Titan’ın zengin bir keşif geçmişi var; çünkü onlarca yıldır çok sayıda uzay aracı, yalnızca tüm güneş sistemindeki en büyük ikinci uydu değil, aynı zamanda kalın bir atmosfere sahip tek uydu olan bu gizemli dünya hakkında daha fazla bilgi edinmemize olanak sağladı. NASA’nın Pioneer 11, Voyager 1 ve Voyager 2 uzay araçlarının kameraları, ayın kalın ve puslu atmosferi nedeniyle Titan’ın yüzeyini görüntüleyemiyorken, NASA’nın Cassini uzay aracı, kızılötesi kameralarını ilk kez Titan’ın yüzeyini görüntülemek için başarıyla kullandı. Bu görüntüler, Titan’ın yalnızca aşırı soğuk sıcaklıklarda (Titan’ın yüzey sıcaklığı –179°C (–290°F)) var olabilen sıvı metan ve etan göllerine sahip olduğu yönündeki önceki hipotezleri doğruladı.

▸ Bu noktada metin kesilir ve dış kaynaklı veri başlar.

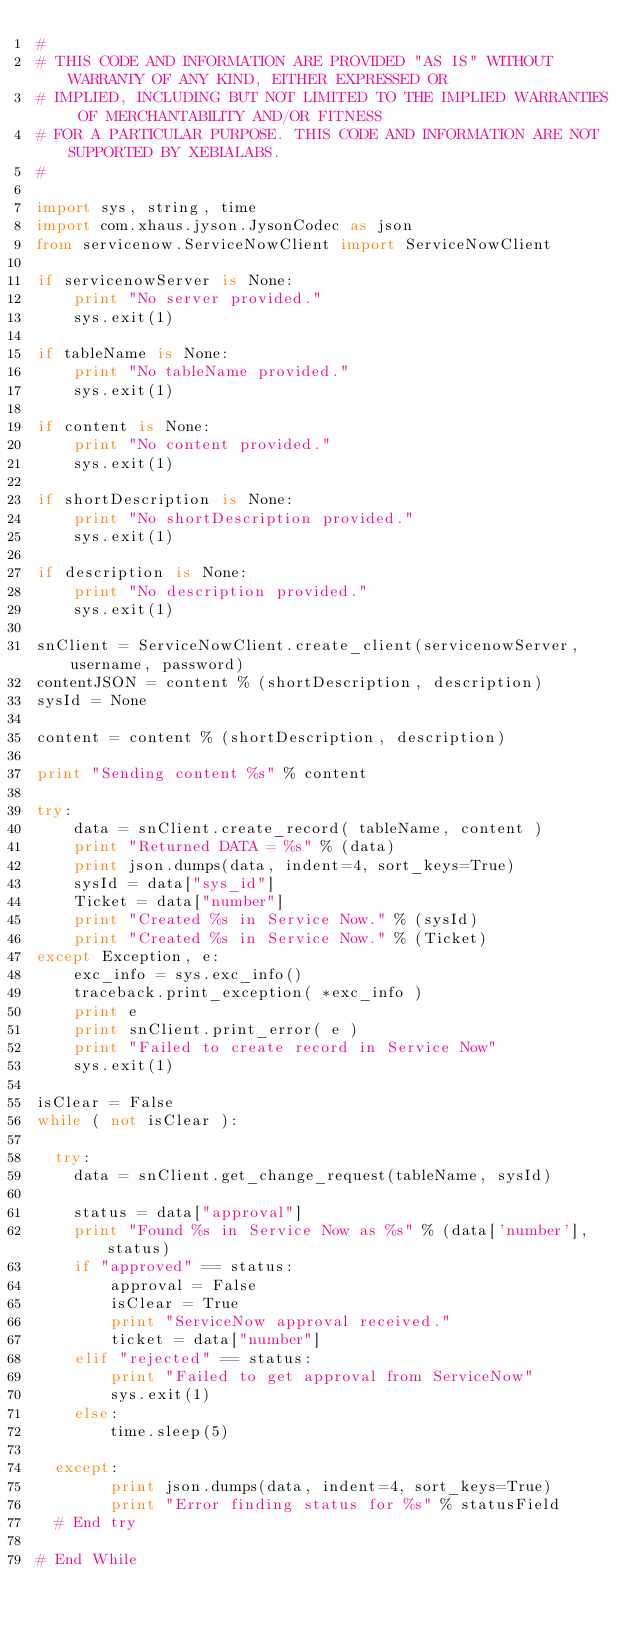Convert code to text. <code><loc_0><loc_0><loc_500><loc_500><_Python_>#
# THIS CODE AND INFORMATION ARE PROVIDED "AS IS" WITHOUT WARRANTY OF ANY KIND, EITHER EXPRESSED OR
# IMPLIED, INCLUDING BUT NOT LIMITED TO THE IMPLIED WARRANTIES OF MERCHANTABILITY AND/OR FITNESS
# FOR A PARTICULAR PURPOSE. THIS CODE AND INFORMATION ARE NOT SUPPORTED BY XEBIALABS.
#

import sys, string, time
import com.xhaus.jyson.JysonCodec as json
from servicenow.ServiceNowClient import ServiceNowClient

if servicenowServer is None:
    print "No server provided."
    sys.exit(1)

if tableName is None:
    print "No tableName provided."
    sys.exit(1)

if content is None:
    print "No content provided."
    sys.exit(1)

if shortDescription is None:
    print "No shortDescription provided."
    sys.exit(1)

if description is None:
    print "No description provided."
    sys.exit(1)

snClient = ServiceNowClient.create_client(servicenowServer, username, password)
contentJSON = content % (shortDescription, description)
sysId = None

content = content % (shortDescription, description)

print "Sending content %s" % content

try:
    data = snClient.create_record( tableName, content )
    print "Returned DATA = %s" % (data)
    print json.dumps(data, indent=4, sort_keys=True)
    sysId = data["sys_id"]
    Ticket = data["number"]
    print "Created %s in Service Now." % (sysId)
    print "Created %s in Service Now." % (Ticket)
except Exception, e:
    exc_info = sys.exc_info()
    traceback.print_exception( *exc_info )
    print e
    print snClient.print_error( e )
    print "Failed to create record in Service Now"
    sys.exit(1)

isClear = False
while ( not isClear ):

  try:
    data = snClient.get_change_request(tableName, sysId)

    status = data["approval"]
    print "Found %s in Service Now as %s" % (data['number'], status)
    if "approved" == status:
        approval = False
        isClear = True
        print "ServiceNow approval received."
        ticket = data["number"]
    elif "rejected" == status:
        print "Failed to get approval from ServiceNow"
        sys.exit(1)
    else:
        time.sleep(5) 

  except:
        print json.dumps(data, indent=4, sort_keys=True)
        print "Error finding status for %s" % statusField
  # End try

# End While
</code>

Cassini, yörüngedeki uzay aracından ayrılarak Titan’ın yüzeyine inen ve yalnızca sıvı koşullar altında oluşabilen yuvarlak kayaların yüzey özelliklerini geri gönderen Avrupa Uzay Ajansı’nın Huygens sondasını yanında taşıdı. Peki Titan’ın metan atmosferi ve sıvı gölleriyle eski Dünya’ya benzeyebileceği göz önüne alındığında, Titan’da yaşam bulabilecek miyiz?






Kredi bilgileri: NASA

Dr. Pearce, Universe Today’e şunları söylüyor: “Titan’daki tek yaşanabilir ortam, yeraltının derinlikleridir; bir matkap ya da yüzeye bir şeyler fışkırtan bir şofben olmadan buraya ulaşmak hiç de kolay değil.” “Dolayısıyla Dragonfly’ın ötesinde onlarca yıl boyunca en iyi yerlere bakacağımızdan bile emin değilim. Şu anki en iyi hipotezlerimizin göletlerin ıslak-kuru döngülerini içerdiği göz önüne alındığında, Titan’da yaşamın kökenini hayal etmek de benim için zor. bu –180°C Titan’da mümkün olmazdı. Ancak son on yılda bilimden öğrendiğim bir şey varsa o da yeni bulgularla sıklıkla yanıldığımızdır ve bunu kesinlikle memnuniyetle karşılarım! Bakmak her zaman daha iyidir, sadece durumunda.”

Daha fazla bilgi:
Ben KD Pearce ve diğerleri, Hadean Dünyası’ndaki küçük göletleri ısıtmak için yaşamın yapı taşlarının kaynağı olarak organik puslar, arXiv (2024). DOI: 10.48550/arxiv.2401.06212

Universe Today tarafından sağlanmıştır


Alıntı: Dünya’da yaşam nasıl başladı? Anahtar, atmosferik bulanıklık olabilir (2024, 1 Şubat) 2 Şubat 2024 tarihinde https://phys.org/news/2024-02-life-earth-atmospheric-haze-key.html adresinden alındı.

Bu belge telif haklarına tabidir. Özel çalışma veya araştırma amacıyla yapılan her türlü adil işlem dışında, yazılı izin alınmadan hiçbir kısmı çoğaltılamaz. İçerik yalnızca bilgilendirme amaçlı sağlanmıştır.